Entrepreneurs' Relief - Wider Benefits for Share Schemes
Nobody likes a tax rise, and the increase in capital gains tax (CGT) announced in the 2010 Budget was no exception. However, there was some good news: the retention of Entrepreneurs' Relief and the increase in the lifetime limit to £10 million. And now it seems that the application of the relief to employee share schemes could be wider than first thought.
The normal rates of CGT are now 28%, or 18% for standard rate income tax payers (where the gain doesn't take them into the higher tax bracket). Entrepreneurs' Relief reduces the rate to an effective 10% on the first £10 million of lifetime gains, a massive saving. But the relief is available only to officers or employees of a company who have held at least 5% of a company's share capital, accounting for at least 5% of the voting rights, for a year or more. Update: This is changing in relation to shares acquired under EMIs from April 6th 2012.
At first sight, this would seem to exclude most participants in employee share schemes.
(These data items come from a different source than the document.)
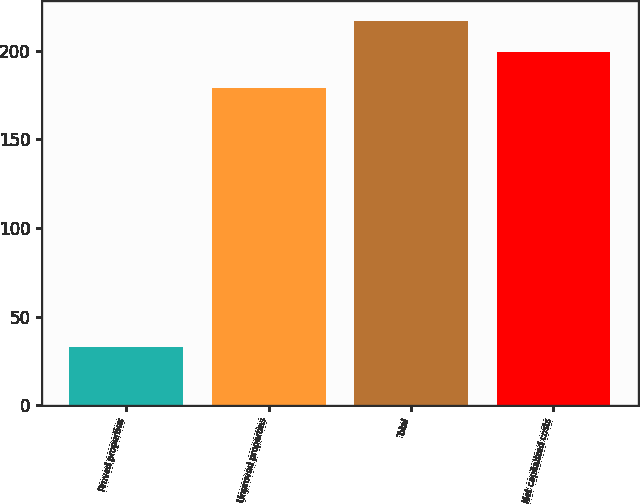Convert chart. <chart><loc_0><loc_0><loc_500><loc_500><bar_chart><fcel>Proved properties<fcel>Unproved properties<fcel>Total<fcel>Net capitalized costs<nl><fcel>33<fcel>179<fcel>216.9<fcel>199<nl></chart> 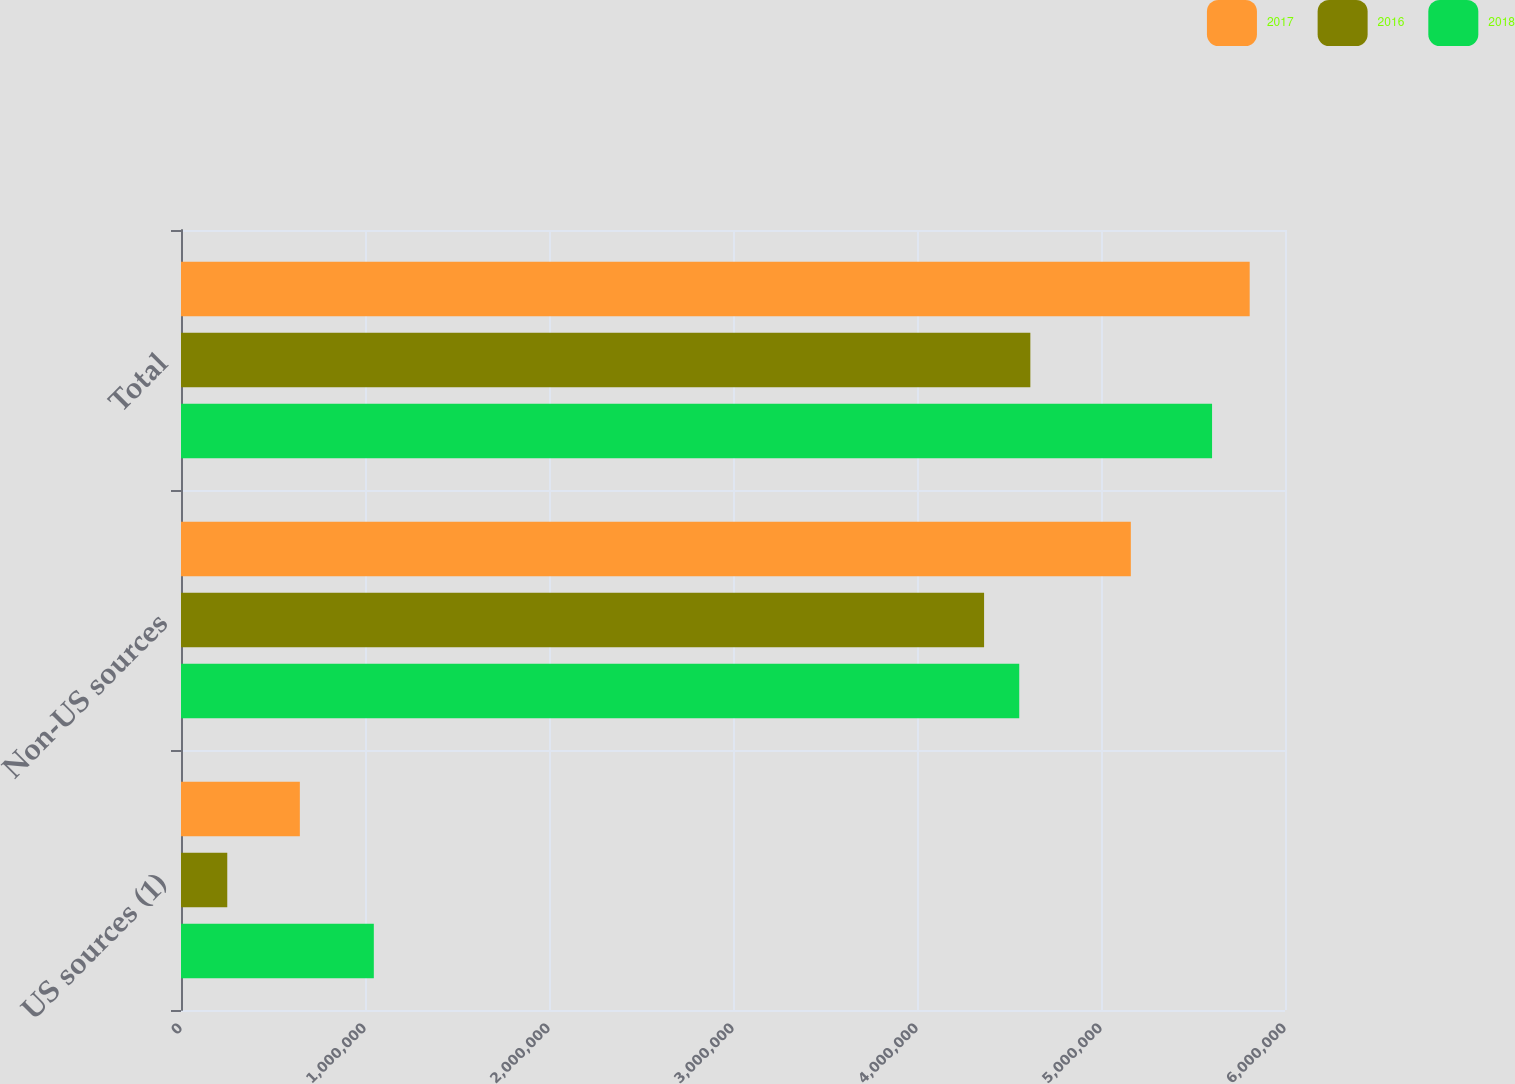<chart> <loc_0><loc_0><loc_500><loc_500><stacked_bar_chart><ecel><fcel>US sources (1)<fcel>Non-US sources<fcel>Total<nl><fcel>2017<fcel>645943<fcel>5.16215e+06<fcel>5.80809e+06<nl><fcel>2016<fcel>251456<fcel>4.36458e+06<fcel>4.61603e+06<nl><fcel>2018<fcel>1.04791e+06<fcel>4.55566e+06<fcel>5.60357e+06<nl></chart> 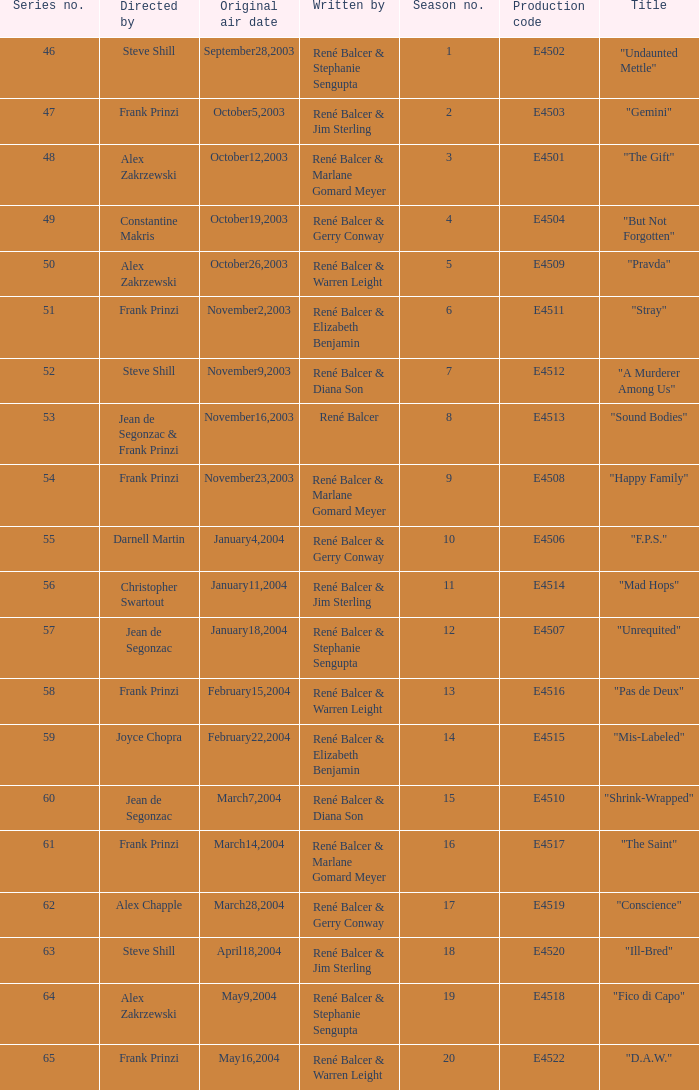Who wrote the episode with e4515 as the production code? René Balcer & Elizabeth Benjamin. 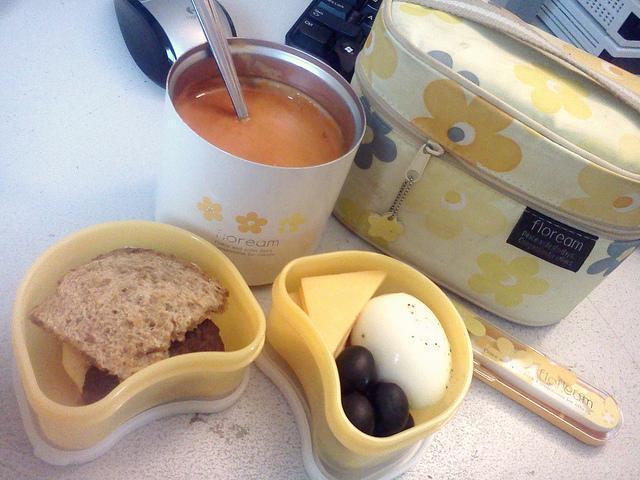What does the item in the can with the utensil look like?
Select the accurate answer and provide justification: `Answer: choice
Rationale: srationale.`
Options: Cake, soup, cat, pears. Answer: soup.
Rationale: The stuff in the can looks like soup to go with the sandwich. 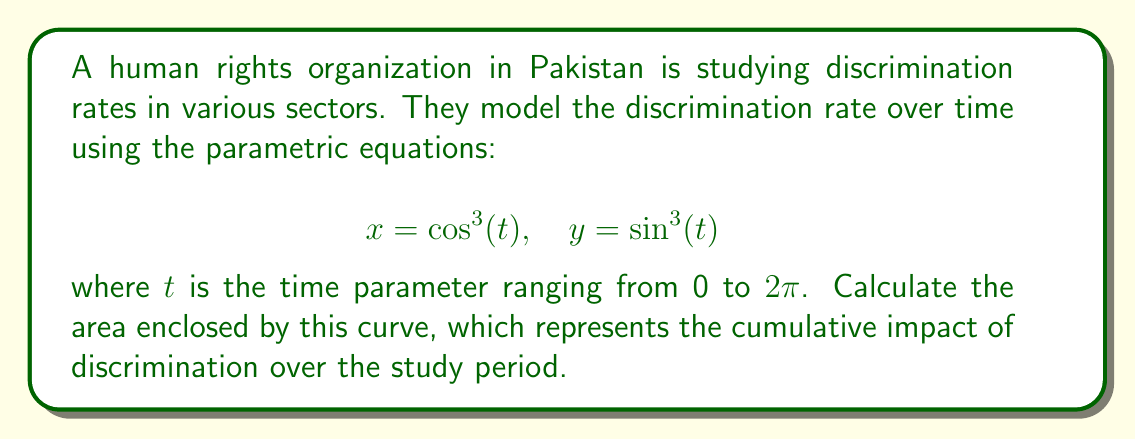Can you answer this question? To calculate the area enclosed by a parametric curve, we can use the formula:

$$\text{Area} = \frac{1}{2} \int_{0}^{2\pi} [x(t)\frac{dy}{dt} - y(t)\frac{dx}{dt}] dt$$

Let's follow these steps:

1) First, we need to find $\frac{dx}{dt}$ and $\frac{dy}{dt}$:

   $$\frac{dx}{dt} = -3\cos^2(t)\sin(t)$$
   $$\frac{dy}{dt} = 3\sin^2(t)\cos(t)$$

2) Now, let's substitute these into our area formula:

   $$\text{Area} = \frac{1}{2} \int_{0}^{2\pi} [\cos^3(t)(3\sin^2(t)\cos(t)) - \sin^3(t)(-3\cos^2(t)\sin(t))] dt$$

3) Simplify:

   $$\text{Area} = \frac{1}{2} \int_{0}^{2\pi} [3\cos^4(t)\sin^2(t) + 3\cos^2(t)\sin^4(t)] dt$$
   $$= \frac{3}{2} \int_{0}^{2\pi} [\cos^4(t)\sin^2(t) + \cos^2(t)\sin^4(t)] dt$$

4) Use the identity $\cos^2(t) + \sin^2(t) = 1$:

   $$= \frac{3}{2} \int_{0}^{2\pi} [\cos^2(t)\sin^2(t)(\cos^2(t) + \sin^2(t))] dt$$
   $$= \frac{3}{2} \int_{0}^{2\pi} \cos^2(t)\sin^2(t) dt$$

5) Use the half-angle formula $\cos^2(t)\sin^2(t) = \frac{1}{16}[1-\cos(4t)]$:

   $$= \frac{3}{2} \int_{0}^{2\pi} \frac{1}{16}[1-\cos(4t)] dt$$
   $$= \frac{3}{32} \int_{0}^{2\pi} [1-\cos(4t)] dt$$

6) Integrate:

   $$= \frac{3}{32} [t - \frac{1}{4}\sin(4t)]_{0}^{2\pi}$$
   $$= \frac{3}{32} [2\pi - 0 - (0 - 0)]$$
   $$= \frac{3\pi}{16}$$

Therefore, the area enclosed by the curve is $\frac{3\pi}{16}$.
Answer: $\frac{3\pi}{16}$ square units

Holders of share options, for example in an Enterprise Management Incentive scheme, don't qualify at all since they hold options, not shares. And employees holding shares, for example through a deferred share purchase scheme, won't qualify unless they hold 5 per cent. of their employer's share capital. Most will not.
A closer look at the legislation, however, reveals that the 5% limit refers only to voting shares. The other rights normally attaching to shares, in relation to dividends and capital, are not mentioned. This raises the possibility that employees could be issued with shares having 5% of the voting rights, but very limited rights in other respects. These shares would still count towards the 5% threshold for Entrepreneurs' Relief.
How could this be used in practice? Let's take the case of option holders, who would normally never qualify. One possibility would be to issue them with shares carrying 5% of the voting rights but with very limited dividend or capital rights. Assuming these shares were held for at least a year, then any shares acquired later through option exercise would also qualify for the relief, even if the latter shares had been held for only a short time between exercise of the option and the share being sold (for example on the sale of the company).
A similar technique could be used to benefit the holders of real shares, as opposed to options, but who hold less than the requisite 5%.
Obviously, even shares with voting rights but very limited other rights would have some residual value. The recipient would have to pay tax on that value, either through PAYE when the shares were received or (if there is no market for the shares) through self-assessment. However, if the value was likely to be significant then the shares could be acquired on deferred terms. This would still provide full beneficial ownership but without the employee having to make a significant up-front cash commitment (for further details on deferred share purchase schemes see here).
Any changes to a company's share capital need to be made carefully - there may be legal, tax and other implications and changes may be needed to any shareholder or subscription agreements. There is also an obvious limit on the number of 5% stakes that can be given out without unacceptable consequences for a company's voting structure. If successive 5% issues are made, the later issues will dilute the earlier ones and possibly cause them to cease to qualify. Finally, it must be recognised that this is a "technical" solution. It is possible that the authorities may decide that the legislation was not intended to work in this way and change the rules. It is also possible that they could make the change retrospective, so that shares issued now would later become ineffective for the purposes of Entrepreneurs' Relief. The costs of issuing the shares (including any tax costs) would however already have been incurred.